Listed records -
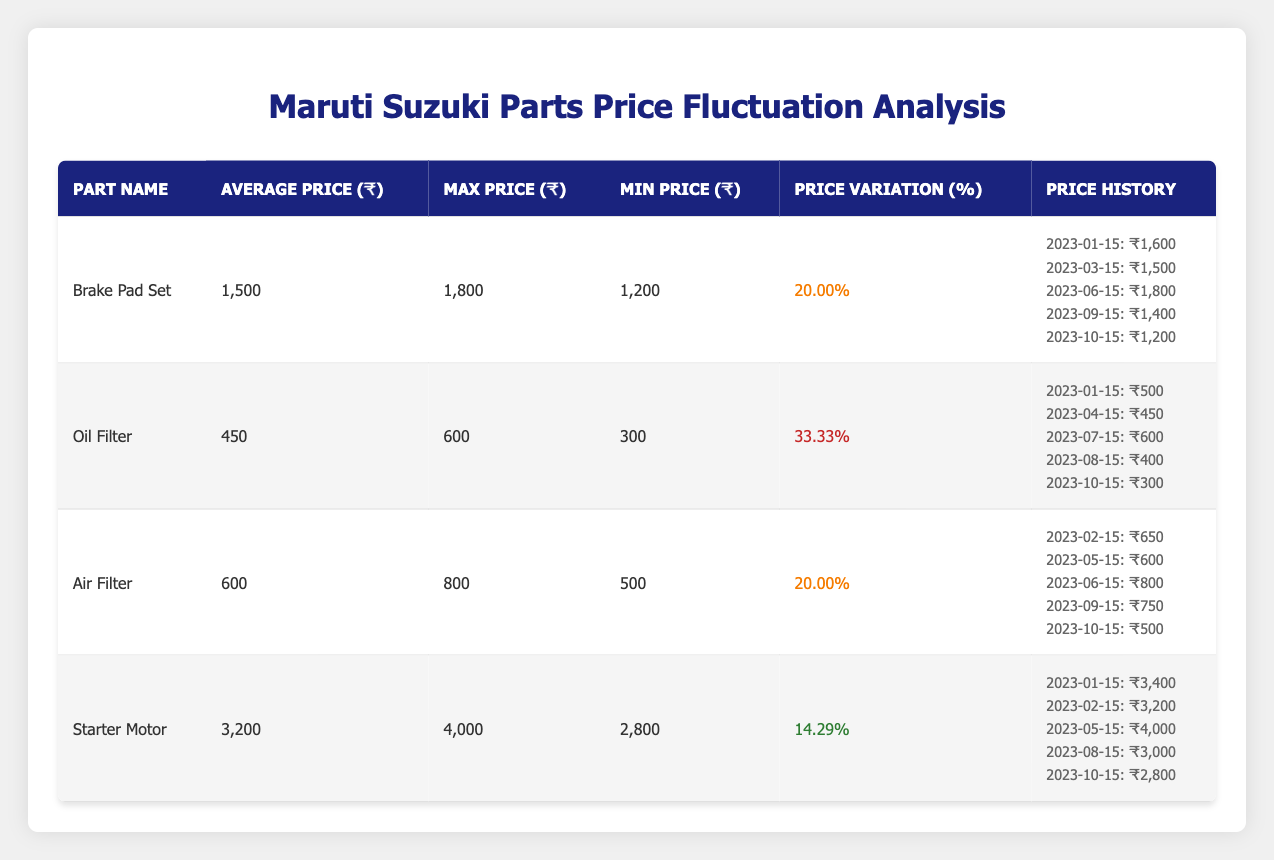What is the average price of the Oil Filter? The table shows that the average price of the Oil Filter is listed directly in the "Average Price (₹)" column next to the part name. For the Oil Filter, this amount is 450.
Answer: 450 What was the maximum price of the Air Filter? The maximum price of the Air Filter can be found in the "Max Price (₹)" column in the table. It indicates that the maximum price is 800.
Answer: 800 Is the price variation percentage of the Brake Pad Set greater than that of the Starter Motor? The percentage for the Brake Pad Set is 20.00%, while for the Starter Motor, it is 14.29%. Since 20.00% is greater than 14.29%, the answer is yes.
Answer: Yes What is the price increase when comparing the maximum price of the Brake Pad Set to its average price? The maximum price of the Brake Pad Set is 1800, and its average price is 1500. The difference is calculated as 1800 - 1500 = 300.
Answer: 300 On which date did the Oil Filter have its highest price? By reviewing the dates listed for the Oil Filter, the date with the highest recorded price of 600 is found on 2023-07-15.
Answer: 2023-07-15 What is the difference between the minimum and maximum price of the Starter Motor? The maximum price is 4000 and the minimum price is 2800. To find the difference, we subtract: 4000 - 2800 = 1200.
Answer: 1200 Are there any parts with a price variation percentage of less than 20%? The table lists the price variation percentages. Only the Starter Motor has a variation of 14.29%, which is indeed less than 20%. Therefore, the answer is yes.
Answer: Yes What is the average price of the parts listed in the table? The average price is calculated by summing the average prices of all parts: 1500 (Brake Pad Set) + 450 (Oil Filter) + 600 (Air Filter) + 3200 (Starter Motor) = 4750, and then dividing by the number of parts (4): 4750 / 4 = 1187.5.
Answer: 1187.5 Which part had the lowest price on October 15, 2023? The price history on October 15 shows that the Brake Pad Set is priced at 1200, the Oil Filter at 300, the Air Filter at 500, and the Starter Motor at 2800. Therefore, the Oil Filter has the lowest price at 300.
Answer: Oil Filter

Exercise goal - What is needed is the listing above, repeated verbatim, without its images.

Response to this exercise -
What is the average price of the Oil Filter? The table shows that the average price of the Oil Filter is listed directly in the "Average Price (₹)" column next to the part name. For the Oil Filter, this amount is 450.
Answer: 450 What was the maximum price of the Air Filter? The maximum price of the Air Filter can be found in the "Max Price (₹)" column in the table. It indicates that the maximum price is 800.
Answer: 800 Is the price variation percentage of the Brake Pad Set greater than that of the Starter Motor? The percentage for the Brake Pad Set is 20.00%, while for the Starter Motor, it is 14.29%. Since 20.00% is greater than 14.29%, the answer is yes.
Answer: Yes What is the price increase when comparing the maximum price of the Brake Pad Set to its average price? The maximum price of the Brake Pad Set is 1800, and its average price is 1500. The difference is calculated as 1800 - 1500 = 300.
Answer: 300 On which date did the Oil Filter have its highest price? By reviewing the dates listed for the Oil Filter, the date with the highest recorded price of 600 is found on 2023-07-15.
Answer: 2023-07-15 What is the difference between the minimum and maximum price of the Starter Motor? The maximum price is 4000 and the minimum price is 2800. To find the difference, we subtract: 4000 - 2800 = 1200.
Answer: 1200 Are there any parts with a price variation percentage of less than 20%? The table lists the price variation percentages. Only the Starter Motor has a variation of 14.29%, which is indeed less than 20%. Therefore, the answer is yes.
Answer: Yes What is the average price of the parts listed in the table? The average price is calculated by summing the average prices of all parts: 1500 (Brake Pad Set) + 450 (Oil Filter) + 600 (Air Filter) + 3200 (Starter Motor) = 4750, and then dividing by the number of parts (4): 4750 / 4 = 1187.5.
Answer: 1187.5 Which part had the lowest price on October 15, 2023? The price history on October 15 shows that the Brake Pad Set is priced at 1200, the Oil Filter at 300, the Air Filter at 500, and the Starter Motor at 2800. Therefore, the Oil Filter has the lowest price at 300.
Answer: Oil Filter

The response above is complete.